Но нравственный закон есть правило безусловное, стало быть, и цель его должна быть также безусловна. Она может иметь лишь абсолютную, а не относительную цену, она должна обнимать что-нибудь такое, чему принадлежит неограниченное достоинство, самому по себе, — чего нельзя рассматривать как только средство для чего-либо постороннего. Существует ли что-нибудь подобное на свете? Именно так мы смотрим сами на себя: в нашем счастии и наших желаниях заключается для нас мерило всех частных целей. Во всех наших предпочтениях мы все оцениваем относительно себя самих, относительно своей воли, — и у нас нет никакой другой мерки. Во всех наших действиях мы всегда являемся целью и никогда не бываем только средством для чего-то нам чуждого. Это замечание должно распространяться и на деятельность нравственную, следовательно и в ней последняя цель человеческих стремлений может полагаться лишь в самом человеке.
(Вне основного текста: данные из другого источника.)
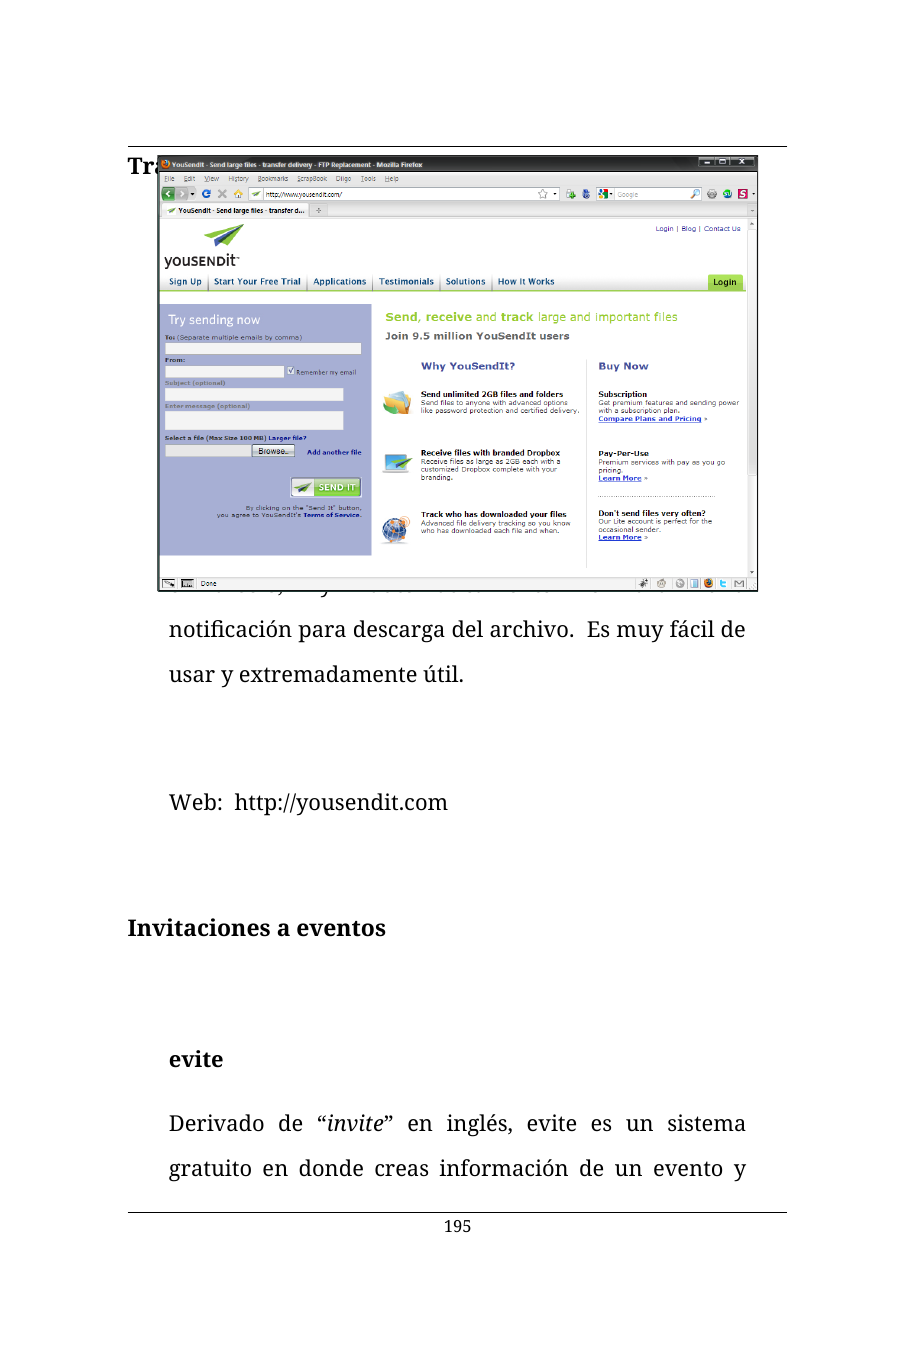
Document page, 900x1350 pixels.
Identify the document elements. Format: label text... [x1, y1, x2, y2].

subtitle Transferencia de archivos [127, 150, 787, 181]
subtitle Invitaciones a eventos [127, 912, 787, 943]
table_header youSENDit Si alguna vez has necesitado enviar un archivo vía email, pero es tan grande que tu proveedor de email no te lo permite, Yousendit.com es para ti. Yousendit.com te permite realizar un “upload” de un archivo, proveer la dirección de email de la persona a quien quieres enviárselo, y automáticamente enviará una notificación para descarga del archivo. Es muy fácil de usar y extremadamente útil. Web: http://yousendit.com [154, 258, 762, 842]
picture [157, 155, 759, 592]
table_header evite Derivado de “invite” en inglés, evite es un sistema gratuito en donde creas información de un evento y [154, 1020, 762, 1198]
table_cell [154, 843, 762, 896]

Но нравственная деятельность состоит в осуществлении всеобщего, для всех пригодного, разумного закона, и она не имеет никакой связи с служением своему личному, случайному счастью, вот почему ее целью не может быть отдельный человек, с его субъективными чувственными наклонностями, в разнообразных проявлениях его эгоизма, — а всякий человек, поскольку в нем живет способность разумного действия. Последний двигатель нравственности, в безусловной цене личности, в бесконечном достоинстве всякого человека. Мы тогда только ведем добрую жизнь, когда во всем поступаем сообразно с этим принципом. Бесконечное достоинство человеческой личности подразумевается в самом существовании нравственного закона. Нравственный закон есть правило безусловно обязательное и ценное для нас, тем самым должен иметь для нас безусловную цену и каждый человек, потому что нравственный закон обращен ко всем людям и все одинаково предназначены к его живой реализации.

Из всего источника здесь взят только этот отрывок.